Have you ever felt like no matter how bundled up you are, you can’t get warm? Have you ever felt like your need for human contact isn’t fulfilled, even though there are people around?
Do you ever feel alone and like no one can help you? That empty feeling won’t go away if you are looking to fill it from the outside. This is an internal issue, and you have to resolve it from within before looking to others.
Solitude is an opportunity to spend time with yourself. Solitude gives you permission to engage in internal dialogue. In those moments, you get to know yourself better, figure out what you want and where you are going. When you are alone, you have the pleasure of being with yourself.
“You cannot be lonely if you like the person you’re alone with.”
You won’t ever feel lonely if you enjoy your own company. You won’t feel alone if you are at peace with yourself. In fact, only then should you look outward. If you are all noise and confusion inside, how can you hear the music outside?
The value of what’s around you
It’s a mistake to prioritize quantity when you are looking for companionship. The key is quality. It doesn’t matter how many people there are if they don’t offer you anything. Nor does it matter how much time they spend with you if it’s not time well spent.
You will always feel lonely if it doesn’t make you happy to spend time with yourself or others. You will always think that no one understands you, no matter how many times you repeat the same story.
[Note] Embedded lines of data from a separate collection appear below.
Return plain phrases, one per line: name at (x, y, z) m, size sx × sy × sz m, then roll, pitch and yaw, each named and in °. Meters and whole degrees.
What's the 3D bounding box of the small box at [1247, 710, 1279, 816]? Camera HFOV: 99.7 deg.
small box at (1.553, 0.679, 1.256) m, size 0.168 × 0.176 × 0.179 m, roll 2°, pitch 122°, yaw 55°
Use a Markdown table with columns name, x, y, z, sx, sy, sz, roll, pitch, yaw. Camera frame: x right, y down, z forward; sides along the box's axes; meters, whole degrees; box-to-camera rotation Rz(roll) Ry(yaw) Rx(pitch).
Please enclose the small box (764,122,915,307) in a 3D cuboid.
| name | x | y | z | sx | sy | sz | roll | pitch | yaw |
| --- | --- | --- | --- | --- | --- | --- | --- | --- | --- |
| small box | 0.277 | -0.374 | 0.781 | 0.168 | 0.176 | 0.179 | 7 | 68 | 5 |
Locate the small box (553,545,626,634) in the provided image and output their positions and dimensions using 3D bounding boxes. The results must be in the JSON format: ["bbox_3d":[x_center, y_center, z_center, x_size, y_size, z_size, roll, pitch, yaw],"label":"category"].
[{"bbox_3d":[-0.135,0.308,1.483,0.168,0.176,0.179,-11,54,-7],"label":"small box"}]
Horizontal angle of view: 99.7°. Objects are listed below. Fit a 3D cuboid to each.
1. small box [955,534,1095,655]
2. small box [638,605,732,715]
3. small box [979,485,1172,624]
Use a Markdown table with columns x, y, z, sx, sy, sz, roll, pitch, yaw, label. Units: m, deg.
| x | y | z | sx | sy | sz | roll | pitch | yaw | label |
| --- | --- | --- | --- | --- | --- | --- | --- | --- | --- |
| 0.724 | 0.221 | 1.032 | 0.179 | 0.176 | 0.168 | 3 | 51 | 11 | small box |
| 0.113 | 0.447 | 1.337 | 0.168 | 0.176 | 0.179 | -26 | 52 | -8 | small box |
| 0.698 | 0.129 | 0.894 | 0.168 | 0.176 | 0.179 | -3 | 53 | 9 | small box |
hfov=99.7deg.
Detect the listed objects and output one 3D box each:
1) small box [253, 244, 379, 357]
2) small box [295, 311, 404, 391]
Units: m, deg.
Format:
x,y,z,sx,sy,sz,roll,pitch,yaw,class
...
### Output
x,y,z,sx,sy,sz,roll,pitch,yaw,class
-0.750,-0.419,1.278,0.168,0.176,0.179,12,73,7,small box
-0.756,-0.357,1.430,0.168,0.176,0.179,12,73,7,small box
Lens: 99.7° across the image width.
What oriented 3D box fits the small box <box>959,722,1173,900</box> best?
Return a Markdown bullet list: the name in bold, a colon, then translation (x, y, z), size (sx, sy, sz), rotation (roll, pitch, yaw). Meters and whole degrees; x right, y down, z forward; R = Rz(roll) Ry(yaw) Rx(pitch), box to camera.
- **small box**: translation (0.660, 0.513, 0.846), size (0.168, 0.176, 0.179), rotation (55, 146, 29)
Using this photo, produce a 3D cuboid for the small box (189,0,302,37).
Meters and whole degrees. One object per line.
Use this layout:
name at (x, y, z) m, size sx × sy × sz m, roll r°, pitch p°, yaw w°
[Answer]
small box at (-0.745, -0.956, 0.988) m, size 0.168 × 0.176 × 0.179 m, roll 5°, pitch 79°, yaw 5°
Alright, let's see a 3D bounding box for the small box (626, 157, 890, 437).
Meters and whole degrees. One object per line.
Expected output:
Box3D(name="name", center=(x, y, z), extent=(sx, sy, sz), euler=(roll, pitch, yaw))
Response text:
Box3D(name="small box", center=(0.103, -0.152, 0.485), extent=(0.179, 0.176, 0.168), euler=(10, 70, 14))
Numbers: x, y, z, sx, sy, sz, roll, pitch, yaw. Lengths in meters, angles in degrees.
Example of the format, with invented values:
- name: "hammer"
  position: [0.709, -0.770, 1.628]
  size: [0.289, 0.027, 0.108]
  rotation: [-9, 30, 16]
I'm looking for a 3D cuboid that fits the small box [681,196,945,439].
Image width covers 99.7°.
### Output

And you will always think that no one wants to spend time with you if you don’t value yourself. At the end of the day, time will only be worthwhile if you share it first with yourself.
Work first on being with yourself. Not alone, but with yourself. You are the only one who will always be there for you, so you should love yourself. Enjoy the moments of solitude when you can connect with how you are doing. Talk to yourself and keep in mind that being at peace with yourself will help you with your external goals.
“One day, solitude embraced me so tightly that I started to feel affection for her. I cried like a child and told her a thousand stories. We talked for a long time like two old friends, then said goodbye and we each went on our way. We still see each other sometimes though, and I’m always glad to see her. She’s still the same: always honest, wise, and intelligent.”
Give meaning to being alone
If you feel empty and unsatisfied with yourself, those emotions can become your worst enemy. It’s like a voice that constantly yells and demands a solution, while you try to cover it up with background noise. The real solution, however, is to disconnect from the outside world and connect with your inner self.
Aim for a healthy relationship with yourself — a high quality one. Know how to listen to and pamper yourself. Take care of yourself and appreciate the time you spend alone, in the calm and quiet of your own company.
You won’t feel lonely if you are a good companion to yourself, and you won’t feel a sense of absence if you are whole. The outer world will add to your satisfaction, instead of being the band-aid that covers up your unresolved internal issues.
Love yourself like never before. Feel such peace with yourself that you will want to be alone for at least a short moment every day. Listen to yourself in a way that no one else will. Be the best friend that you would love to have. Once you fill that emptiness inside, you can go and enjoy what others have to offer you.